- Your goal -
Pictures excluded, output the lines of the data below between the one holding "text Een algemene" and the one holding "text Procedure [248, 540, 1152, 566]", inclusive, exactly as they stand.

- Exercise materials -

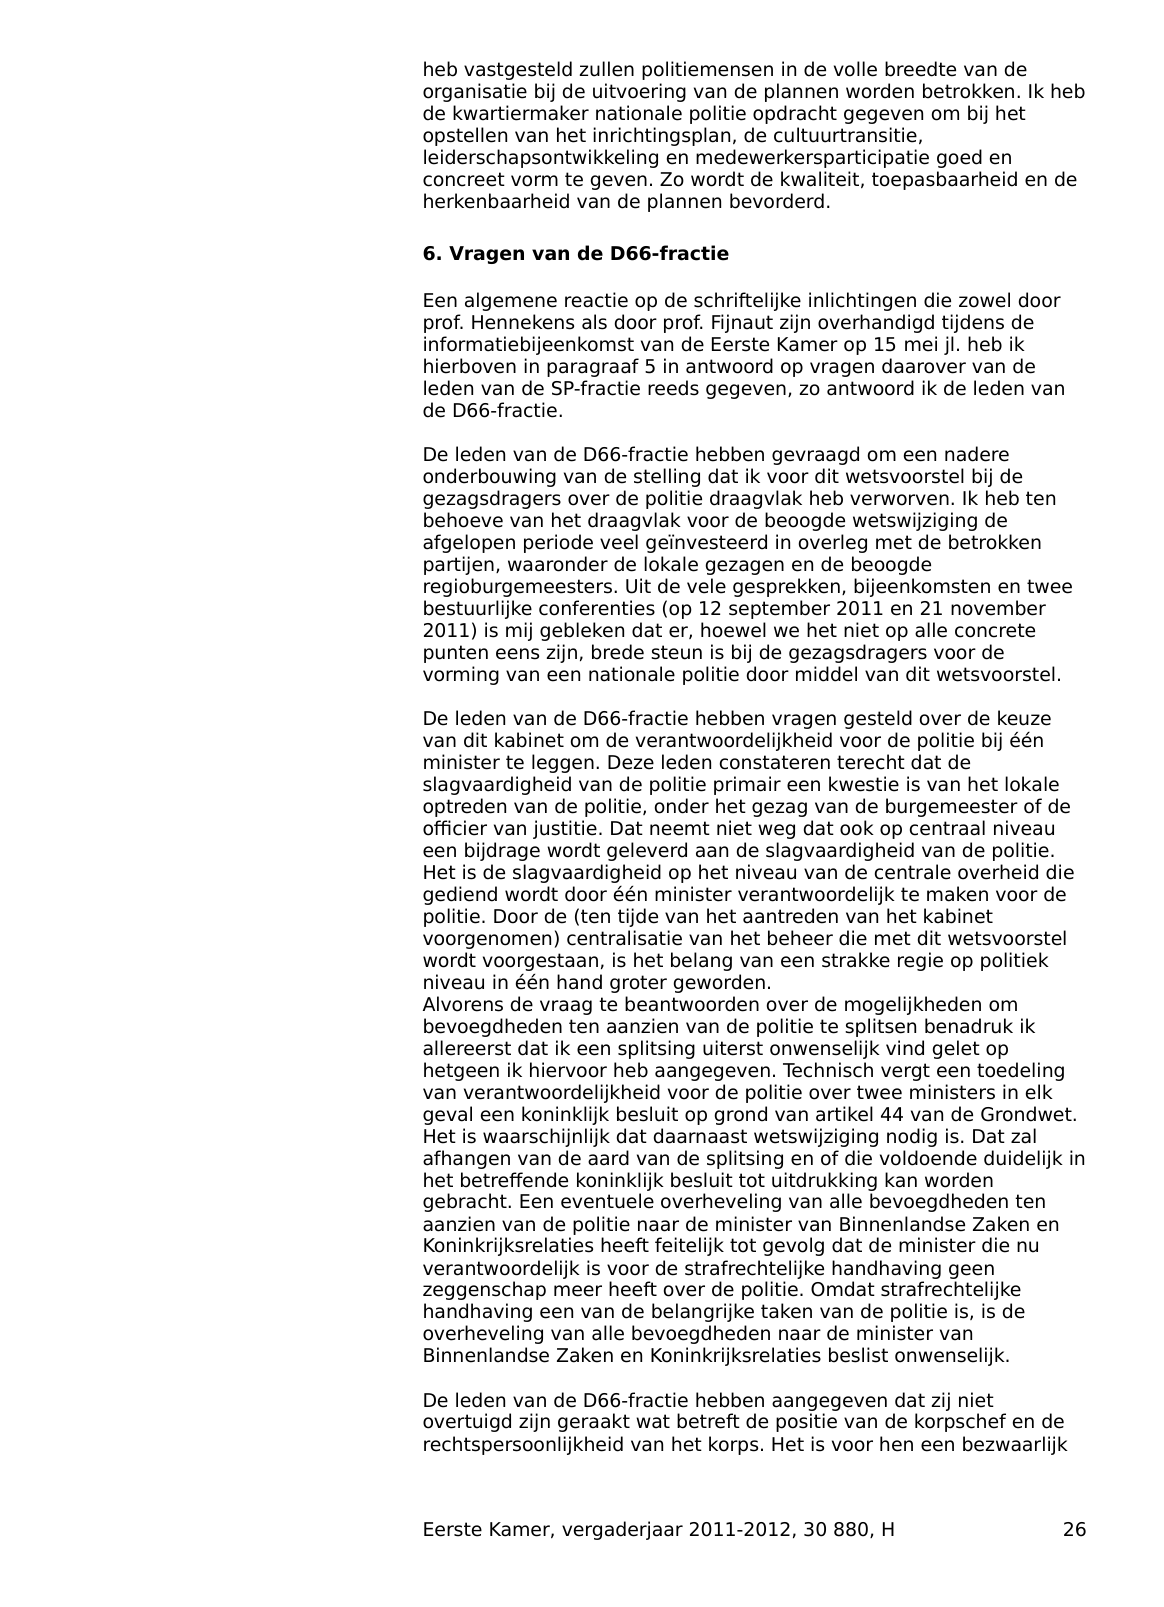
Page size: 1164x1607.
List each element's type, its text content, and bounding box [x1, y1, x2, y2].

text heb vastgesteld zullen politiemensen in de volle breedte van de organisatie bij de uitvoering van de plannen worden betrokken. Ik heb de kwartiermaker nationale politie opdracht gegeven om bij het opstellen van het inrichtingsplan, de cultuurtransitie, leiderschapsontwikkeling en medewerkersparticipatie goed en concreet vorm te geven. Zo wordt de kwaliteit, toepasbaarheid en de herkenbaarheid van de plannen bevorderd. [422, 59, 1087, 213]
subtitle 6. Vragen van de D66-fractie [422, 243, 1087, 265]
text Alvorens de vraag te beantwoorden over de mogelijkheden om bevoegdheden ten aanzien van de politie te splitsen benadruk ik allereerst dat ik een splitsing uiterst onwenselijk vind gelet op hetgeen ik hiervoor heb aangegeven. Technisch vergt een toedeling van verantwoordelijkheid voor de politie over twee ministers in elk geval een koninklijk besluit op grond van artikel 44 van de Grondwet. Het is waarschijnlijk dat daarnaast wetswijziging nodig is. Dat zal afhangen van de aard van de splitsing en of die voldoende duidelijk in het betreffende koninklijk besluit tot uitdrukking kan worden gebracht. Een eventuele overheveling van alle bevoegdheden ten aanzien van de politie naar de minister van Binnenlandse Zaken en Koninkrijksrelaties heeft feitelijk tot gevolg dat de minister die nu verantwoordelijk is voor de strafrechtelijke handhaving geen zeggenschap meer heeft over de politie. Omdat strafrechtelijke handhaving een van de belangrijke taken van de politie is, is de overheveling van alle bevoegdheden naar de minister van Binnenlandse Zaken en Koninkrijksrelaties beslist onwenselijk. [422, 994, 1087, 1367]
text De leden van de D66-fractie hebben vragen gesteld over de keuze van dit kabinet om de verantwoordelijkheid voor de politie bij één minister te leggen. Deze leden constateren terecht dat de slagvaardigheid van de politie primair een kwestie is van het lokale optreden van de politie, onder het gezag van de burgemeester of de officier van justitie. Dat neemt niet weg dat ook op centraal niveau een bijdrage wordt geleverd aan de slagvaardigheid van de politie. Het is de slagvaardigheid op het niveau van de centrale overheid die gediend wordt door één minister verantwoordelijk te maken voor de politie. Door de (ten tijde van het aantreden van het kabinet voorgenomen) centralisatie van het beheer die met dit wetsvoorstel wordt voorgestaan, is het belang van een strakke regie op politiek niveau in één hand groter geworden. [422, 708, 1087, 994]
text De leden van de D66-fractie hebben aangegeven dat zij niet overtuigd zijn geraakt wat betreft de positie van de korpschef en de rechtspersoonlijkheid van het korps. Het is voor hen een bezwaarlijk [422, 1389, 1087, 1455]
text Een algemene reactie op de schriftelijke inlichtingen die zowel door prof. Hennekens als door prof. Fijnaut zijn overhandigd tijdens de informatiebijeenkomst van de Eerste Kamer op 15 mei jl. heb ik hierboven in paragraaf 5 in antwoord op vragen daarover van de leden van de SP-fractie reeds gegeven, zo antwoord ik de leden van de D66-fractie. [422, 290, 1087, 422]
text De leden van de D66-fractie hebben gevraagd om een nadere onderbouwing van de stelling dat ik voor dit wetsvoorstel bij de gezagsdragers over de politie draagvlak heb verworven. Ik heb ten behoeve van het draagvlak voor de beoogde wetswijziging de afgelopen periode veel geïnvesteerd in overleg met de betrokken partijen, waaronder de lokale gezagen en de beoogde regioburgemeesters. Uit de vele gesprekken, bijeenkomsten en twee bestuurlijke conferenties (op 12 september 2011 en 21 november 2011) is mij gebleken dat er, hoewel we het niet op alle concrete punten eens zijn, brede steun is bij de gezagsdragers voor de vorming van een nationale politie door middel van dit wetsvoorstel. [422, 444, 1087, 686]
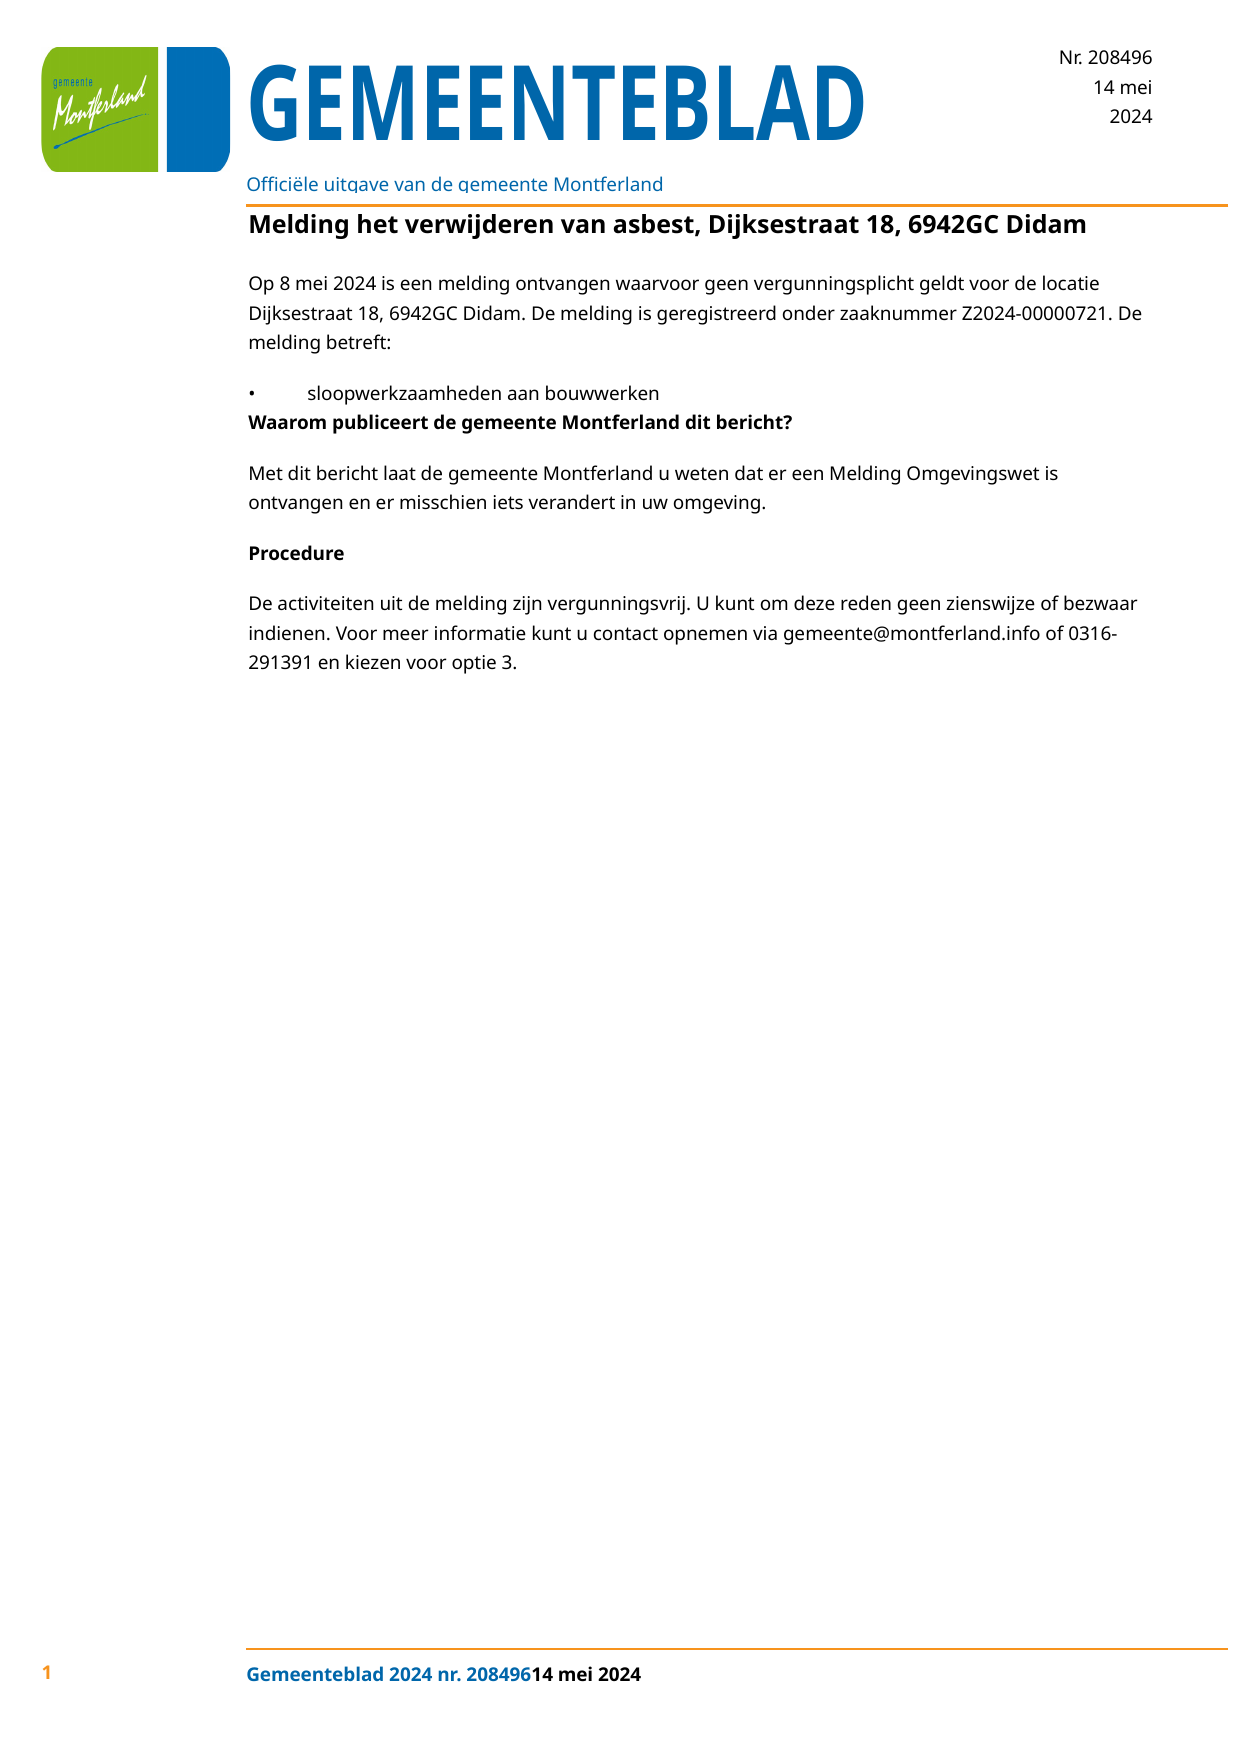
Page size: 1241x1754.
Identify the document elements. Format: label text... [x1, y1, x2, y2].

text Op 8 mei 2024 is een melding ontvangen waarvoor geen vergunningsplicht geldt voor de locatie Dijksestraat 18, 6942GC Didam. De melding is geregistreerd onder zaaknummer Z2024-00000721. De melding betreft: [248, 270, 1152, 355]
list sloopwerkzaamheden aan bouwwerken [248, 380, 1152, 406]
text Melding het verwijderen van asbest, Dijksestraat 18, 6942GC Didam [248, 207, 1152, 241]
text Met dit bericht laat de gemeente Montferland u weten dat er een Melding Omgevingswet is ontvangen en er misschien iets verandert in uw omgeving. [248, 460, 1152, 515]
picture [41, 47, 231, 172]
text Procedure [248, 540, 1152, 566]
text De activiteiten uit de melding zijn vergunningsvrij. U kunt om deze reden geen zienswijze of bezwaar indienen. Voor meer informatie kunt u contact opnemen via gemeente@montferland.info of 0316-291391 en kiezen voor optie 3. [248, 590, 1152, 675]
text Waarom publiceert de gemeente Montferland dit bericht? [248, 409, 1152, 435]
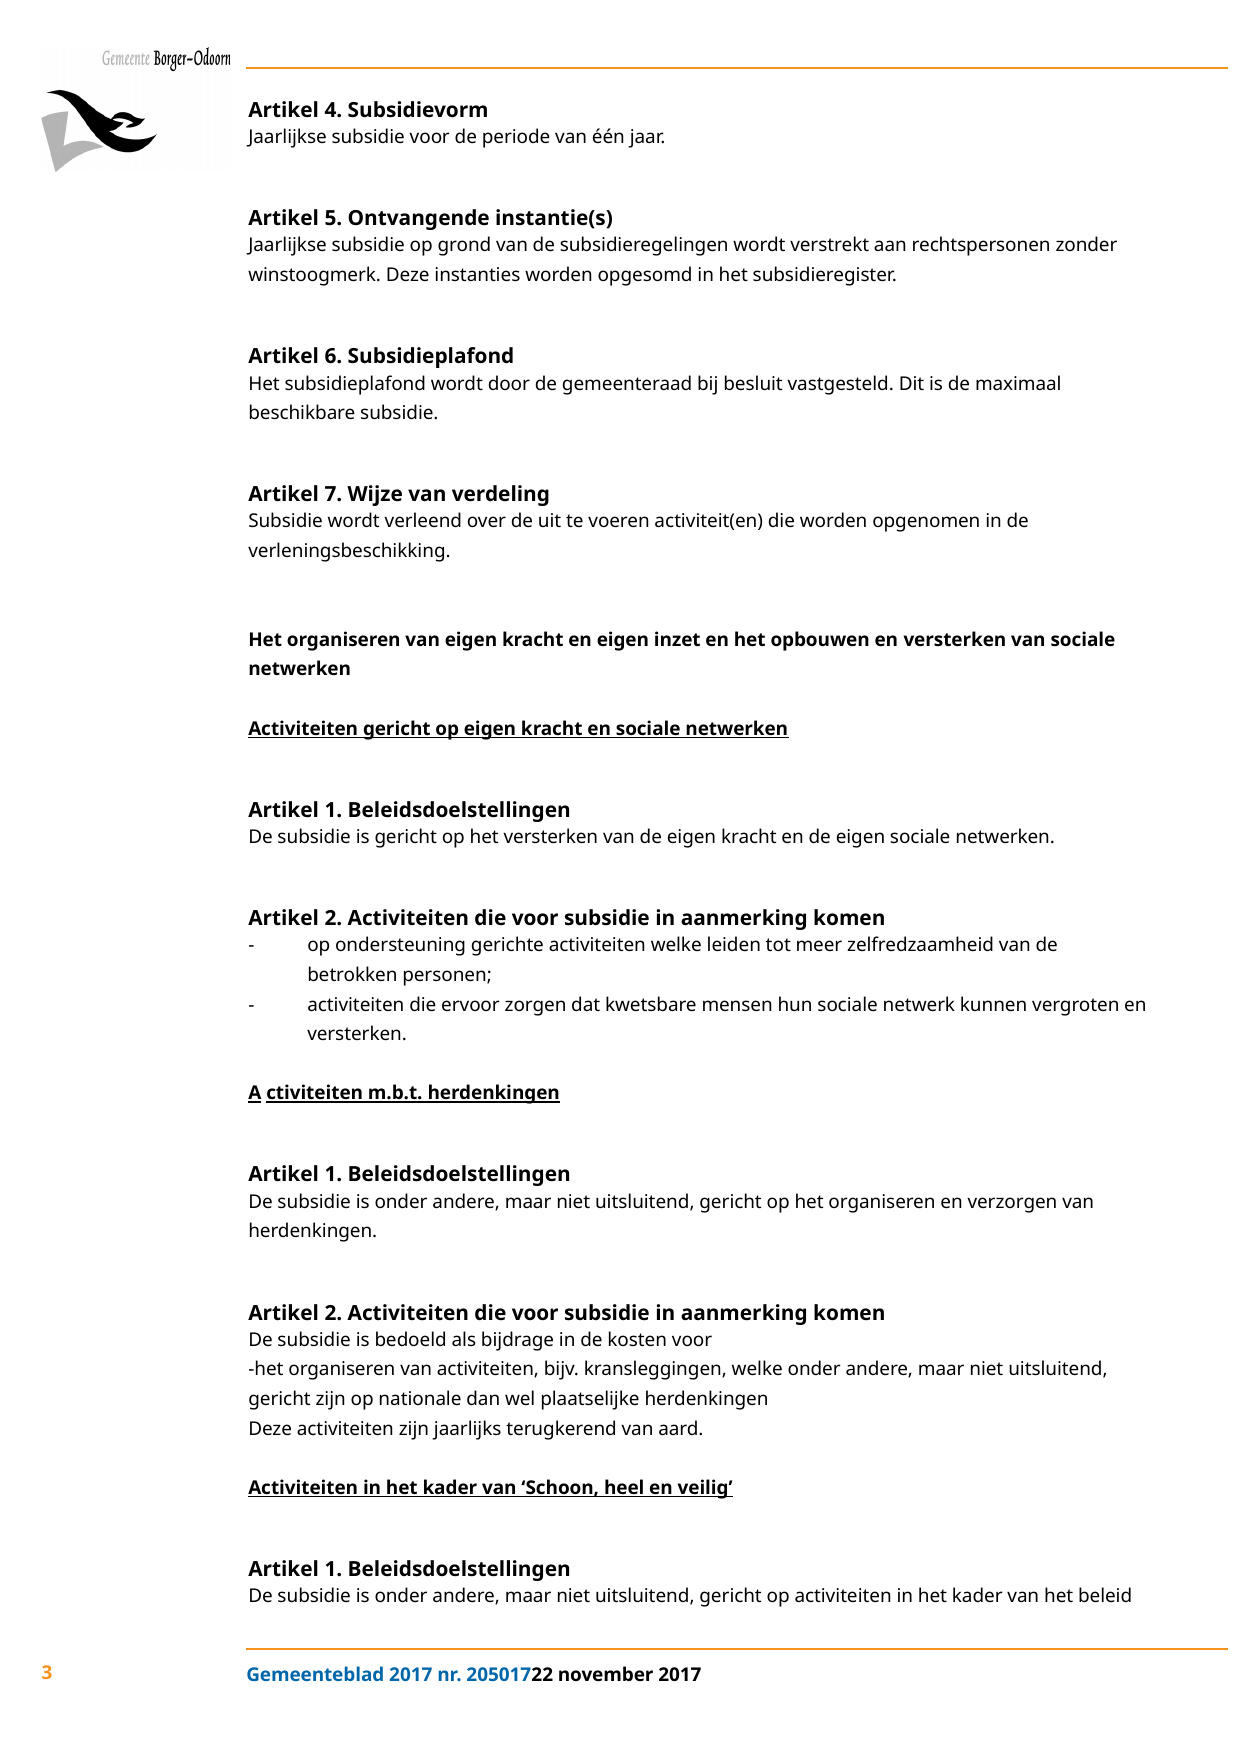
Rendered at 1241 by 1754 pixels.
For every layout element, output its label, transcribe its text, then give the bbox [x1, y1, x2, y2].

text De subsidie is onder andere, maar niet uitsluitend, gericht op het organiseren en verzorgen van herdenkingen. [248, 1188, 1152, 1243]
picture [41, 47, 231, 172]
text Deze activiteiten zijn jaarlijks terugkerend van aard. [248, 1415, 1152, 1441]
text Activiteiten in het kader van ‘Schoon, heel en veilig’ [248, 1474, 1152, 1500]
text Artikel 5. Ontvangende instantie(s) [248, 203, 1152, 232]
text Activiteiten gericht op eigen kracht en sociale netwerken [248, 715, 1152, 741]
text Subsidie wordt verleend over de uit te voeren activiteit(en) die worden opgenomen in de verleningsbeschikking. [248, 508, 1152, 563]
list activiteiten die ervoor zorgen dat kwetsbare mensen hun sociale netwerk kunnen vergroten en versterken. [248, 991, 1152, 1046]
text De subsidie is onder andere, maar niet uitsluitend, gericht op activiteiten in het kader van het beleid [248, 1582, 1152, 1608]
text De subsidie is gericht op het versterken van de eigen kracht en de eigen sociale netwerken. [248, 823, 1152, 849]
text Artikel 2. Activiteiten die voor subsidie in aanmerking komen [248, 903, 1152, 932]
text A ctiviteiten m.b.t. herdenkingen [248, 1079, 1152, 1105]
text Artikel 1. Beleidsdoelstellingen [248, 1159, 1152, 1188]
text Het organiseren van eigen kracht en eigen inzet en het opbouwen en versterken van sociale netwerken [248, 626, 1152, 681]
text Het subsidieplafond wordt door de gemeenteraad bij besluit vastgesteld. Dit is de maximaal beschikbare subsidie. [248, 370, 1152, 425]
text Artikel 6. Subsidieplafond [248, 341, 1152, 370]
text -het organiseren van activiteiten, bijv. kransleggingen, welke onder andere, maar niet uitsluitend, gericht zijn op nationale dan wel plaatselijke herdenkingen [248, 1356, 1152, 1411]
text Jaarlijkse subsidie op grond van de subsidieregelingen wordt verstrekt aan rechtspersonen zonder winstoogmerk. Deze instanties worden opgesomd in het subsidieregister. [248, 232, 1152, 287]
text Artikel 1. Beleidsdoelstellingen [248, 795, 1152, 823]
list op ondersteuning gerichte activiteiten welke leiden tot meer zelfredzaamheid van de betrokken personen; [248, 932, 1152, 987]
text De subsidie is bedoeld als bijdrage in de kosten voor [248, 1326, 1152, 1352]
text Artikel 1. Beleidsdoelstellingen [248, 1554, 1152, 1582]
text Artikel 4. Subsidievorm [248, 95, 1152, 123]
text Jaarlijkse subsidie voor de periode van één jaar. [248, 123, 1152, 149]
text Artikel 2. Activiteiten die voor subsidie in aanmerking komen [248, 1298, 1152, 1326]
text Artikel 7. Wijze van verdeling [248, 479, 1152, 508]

- Written solution -
text Een algemene reactie op de schriftelijke inlichtingen die zowel door prof. Hennekens als door prof. Fijnaut zijn overhandigd tijdens de informatiebijeenkomst van de Eerste Kamer op 15 mei jl. heb ik hierboven in paragraaf 5 in antwoord op vragen daarover van de leden van de SP-fractie reeds gegeven, zo antwoord ik de leden van de D66-fractie. [422, 290, 1087, 422]
text De leden van de D66-fractie hebben gevraagd om een nadere onderbouwing van de stelling dat ik voor dit wetsvoorstel bij de gezagsdragers over de politie draagvlak heb verworven. Ik heb ten behoeve van het draagvlak voor de beoogde wetswijziging de afgelopen periode veel geïnvesteerd in overleg met de betrokken partijen, waaronder de lokale gezagen en de beoogde regioburgemeesters. Uit de vele gesprekken, bijeenkomsten en twee bestuurlijke conferenties (op 12 september 2011 en 21 november 2011) is mij gebleken dat er, hoewel we het niet op alle concrete punten eens zijn, brede steun is bij de gezagsdragers voor de vorming van een nationale politie door middel van dit wetsvoorstel. [422, 444, 1087, 686]
Page size: 1241x1754.
Identify the document elements. Format: label text... [x1, y1, x2, y2].

text Op 8 mei 2024 is een melding ontvangen waarvoor geen vergunningsplicht geldt voor de locatie Dijksestraat 18, 6942GC Didam. De melding is geregistreerd onder zaaknummer Z2024-00000721. De melding betreft: [248, 270, 1152, 355]
list sloopwerkzaamheden aan bouwwerken [248, 380, 1152, 406]
text Melding het verwijderen van asbest, Dijksestraat 18, 6942GC Didam [248, 207, 1152, 241]
text Met dit bericht laat de gemeente Montferland u weten dat er een Melding Omgevingswet is ontvangen en er misschien iets verandert in uw omgeving. [248, 460, 1152, 515]
picture [41, 47, 231, 172]
text Procedure [248, 540, 1152, 566]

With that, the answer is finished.